|The following article features coverage from the American Urological Association (AUA) 2019 meeting. Click here to read more of Renal & Urology News’ conference coverage.|
CHICAGO—Androgen deprivation therapy (ADT) for prostate cancer is associated with an increased risk of dementia, according to separate studies presented at the 2019 American Urological Association annual meeting.
In a study of 100,414 men with PCa aged 66 years or older—37,911 (38%) of whom received ADT within 6 months of diagnosis—receipt of any pharmacologic ADT, compared with no ADT, was significantly associated with a 22% increased risk of dementia from any cause, 29% increased risk of Alzheimer’s disease, and 15% increased risk of psychiatric services use, Karl Heinrich Tully, MD, of Brigham and Women’s Hospital and Harvard Medical School in Boston, reported on behalf of his research team.
The investigators observed a dose-response relationship, with ADT duration of 7 months or longer significantly associated with a 30% and 41% increased risk of all-cause dementia and Alzheimer’s disease, respectively, compared with no ADT. They observed no dose-response relationship between ADT and use of psychiatric services.
The findings come from a retrospective cohort study using the Surveillance, Epidemiology, and End Results (SEER)-Medicare linked database. The study excluded men with a prior history of stroke, dementia, or use of psychiatric services reported in Medicare claims. The cohort included men diagnosed with localized or locally advanced PCa from January 1992 to December 2009 and followed up until the administrative end of follow-up at 36 months or death.
Separately, in a population-based study of 24,464 men with newly diagnosed PCa, Ming-Chieh Kuo, MD, of Chung-Shan Medical University in Taipei City, Taiwan, and colleagues found a significant 51% increased risk of overall cognitive decline, 38% increased risk of dementia, and 83% increased risk of Parkinson’s disease among men who received ADT compared with those who did not.
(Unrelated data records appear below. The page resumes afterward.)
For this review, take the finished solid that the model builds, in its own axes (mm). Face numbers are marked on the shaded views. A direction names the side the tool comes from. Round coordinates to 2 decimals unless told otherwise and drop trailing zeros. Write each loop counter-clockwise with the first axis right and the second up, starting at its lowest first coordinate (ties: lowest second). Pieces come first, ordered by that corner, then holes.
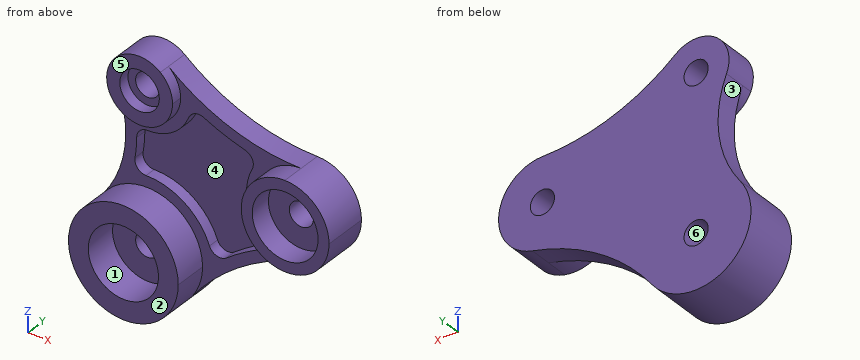
from build123d import *

# Parameters (mm, degrees)
F1_DEPTH  = 10
F2_DEPTH  = 15
F3_DEPTH  = 25
F4_DEPTH  = 20
F5_R      = 16
F5_R_2    = 9
F5_R_3    = 15
F6_DEPTH  = 15
F7_R      = 5.5
F8_DEPTH  = 10.001
F10_DEPTH = 5
F11_R     = 5


with BuildPart() as f1:
    # F0 (on Front) → F1 (new body)
    with BuildSketch(Plane.XZ):
        with BuildLine():
            ThreePointArc((-20, 15), (7.905694, 23.717082), (25, 0))
            ThreePointArc((25, 0), (23.736535, -7.847096), (20.073847, -14.901029))
            ThreePointArc((20.073847, -14.901029), (44.154845, 7.848858), (74.583385, 20.946787))
            ThreePointArc((74.583385, 20.946787), (50.140462, 38.048353), (69.881043, 60.414165))
            ThreePointArc((69.881043, 60.414165), (37.823204, 65.784342), (9.452181, 81.647157))
            ThreePointArc((9.452181, 81.647157), (13.542207, 76.450476), (15, 70))
            ThreePointArc((15, 70), (2.941742, 55.29129), (-13.846154, 64.230769))
            ThreePointArc((-13.846154, 64.230769), (-10.386106, 38.798263), (-20, 15))
        make_face()
    extrude(amount=F1_DEPTH)

    # F0 (on Front) → F2 (join)
    with BuildSketch(Plane.XZ):
        with BuildLine():
            ThreePointArc((9.452181, 81.647157), (-8.981057, 82.014184), (-13.846154, 64.230769))
            ThreePointArc((-13.846154, 64.230769), (2.941742, 55.29129), (15, 70))
            ThreePointArc((15, 70), (13.542207, 76.450476), (9.452181, 81.647157))
        make_face()
    extrude(amount=F2_DEPTH)

    # F0 (on Front) → F3 (join)
    with BuildSketch(Plane.XZ):
        with BuildLine():
            ThreePointArc((20.073847, -14.901029), (23.736535, -7.847096), (25, 0))
            ThreePointArc((25, 0), (7.905694, 23.717082), (-20, 15))
            ThreePointArc((-20, 15), (-14.95056, -20.036985), (20.073847, -14.901029))
        make_face()
    extrude(amount=F3_DEPTH)

    # F0 (on Front) → F4 (join)
    with BuildSketch(Plane.XZ):
        with BuildLine():
            ThreePointArc((69.881043, 60.414165), (50.140462, 38.048353), (74.583385, 20.946787))
            ThreePointArc((74.583385, 20.946787), (85.67909, 27.998153), (90, 40.414519))
            ThreePointArc((90, 40.414519), (84.100015, 54.59865), (69.881043, 60.414165))
        make_face()
    extrude(amount=F4_DEPTH)

    # F5 (on face) → F6 (cut)
    with BuildSketch(Plane.XZ.offset(25)):
        Circle(F5_R)
        with Locations((0, 70)):
            Circle(F5_R_2)
        with Locations((70, 40.414519)):
            Circle(F5_R_3)
    extrude(amount=-F6_DEPTH, mode=Mode.SUBTRACT)

    # F7 (on face) → F8 (cut, through all)
    with BuildSketch(Plane.XZ.offset(10)):
        Circle(F7_R)
        with Locations((0, 70)):
            Circle(F7_R)
        with Locations((70, 40.414519)):
            Circle(F7_R)
    extrude(amount=-F8_DEPTH, mode=Mode.SUBTRACT)

    # F9 (on face) → F10 (cut)
    with BuildSketch(Plane.XZ.offset(10)):
        with BuildLine():
            ThreePointArc((51.331935, 57.042909), (35.156253, 61.427848), (19.940051, 68.452632))
            ThreePointArc((19.940051, 68.452632), (11.500487, 53.637274), (-5.297662, 50.714389))
            ThreePointArc((-5.297662, 50.714389), (-5.246639, 39.797168), (-7.352958, 29.084945))
            ThreePointArc((-7.352958, 29.084945), (17.164465, 24.604494), (29.835004, 3.142063))
            ThreePointArc((29.835004, 3.142063), (42.1494, 12.509642), (55.761443, 19.865468))
            ThreePointArc((55.761443, 19.865468), (45.175577, 37.456812), (51.331935, 57.042909))
        make_face()
    extrude(amount=-F10_DEPTH, mode=Mode.SUBTRACT)

    # F11
    f11_edges = [f1.edges().sort_by_distance(p)[0] for p in [
        (19.940051, -7.5, 68.452632),
        (-5.297662, -7.5, 50.714389),
        (51.331935, -7.5, 57.042909),
        (55.761443, -7.5, 19.865468),
        (-7.352958, -7.5, 29.084945),
        (29.835004, -7.5, 3.142063),
    ]]
    fillet(f11_edges, radius=F11_R)


solid = f1.part
(1) For the marked faces 4, 5 and 6, list the 3-axis set-ups (+Z, -Z, +X, -X, +Y, -Y) from which the entire face can be reached by the end or side of a thin tool; tool diameter is ignored.
Geometry check:
face 4: -Y
face 5: +Z, -X, -Y
face 6: +Y, -Y
(2) For line 1 along Z through (x, y) = (0, -13); line 2 along Z through (x, y) = (2, -13.75); line 3 along X through (y, z) = (-11.75, 45), list the stretches that pass through material, from the lowest coordinate up.
Geometry check:
line 1: z = -25 to -16, 16 to 25, 55 to 61, 79 to 85
line 2: z = -24.92 to -15.87, 15.87 to 24.92, 55.13 to 61.23, 78.77 to 84.87
line 3: x = 50.53 to 55.72, 84.28 to 89.47
(3) We need section A-A, the plane z = -10. Give the boundary of the cut face in (x, y).
Geometry check:
outline: (-22.91, -25) - (-12.49, -25) - (-12.49, -10) - (12.49, -10) - (12.49, -25) - (22.91, -25) - (22.91, -10) - (23.97, -10) - (23.97, 0) - (-22.91, 0) - close
(4) For pin 1 Ø8 at (x, y) = (54, -19) entering from +Z; pin 2 Ø14.5 at (x, z) = (-1, 74.5) entering from -Y; pin 3 Ø9 at (x, z) = (0, 0) entering from +Y; pin 4 Ø12 at (x, y) = (65.5, -15.5) entering from +Z, all flat-tipped, find the tip position at first contact; note any pin that passes through.
Geometry check:
pin 1: stops at z = 56.41
pin 2: stops at y = -15
pin 3: passes through
pin 4: stops at z = 60.62
(5) We need section B-B, the plane y = -8.5. State how many separate pieces and enclosed holes the cut face has, and give its area (3 significant figures).
Geometry check:
separate pieces: 1
enclosed holes: 4
area: 5,030 mm2
(6) Mouldability with a two-part tool opening along X and no side actions: class the marked faces 1, 2 and 3 as pulls with the +X half, pulls with the -X half, needs draft (parallel to the pull), parting line crosses it, or undercut.
Geometry check:
face 1: undercut
face 2: needs draft
face 3: pulls with the -X half

The increased risk differed by ADT type. Use of oral antiandrogens was significantly associated with 70% and 54% increased risks of overall cognitive dysfunction and overall dementia, but was not associated with Alzheimer’s dementia. Combined androgen blockade was significantly associated with a 27% increased risk for overall cognitive dysfunction but not overall dementia or Alzheimer’s dementia. Luteinizing hormone-releasing hormone (LHRH) agonists and bilateral orchiectomy were not associated with cognitive dysfunction.
In addition, the investigators found that oral antiandrogens were significantly associated with a 51% increased risk of non-Alzheimer’s dementia and 6.6-fold increased risk of Parkinson’s disease, whereas LHRH agonists were not associated with either of these conditions.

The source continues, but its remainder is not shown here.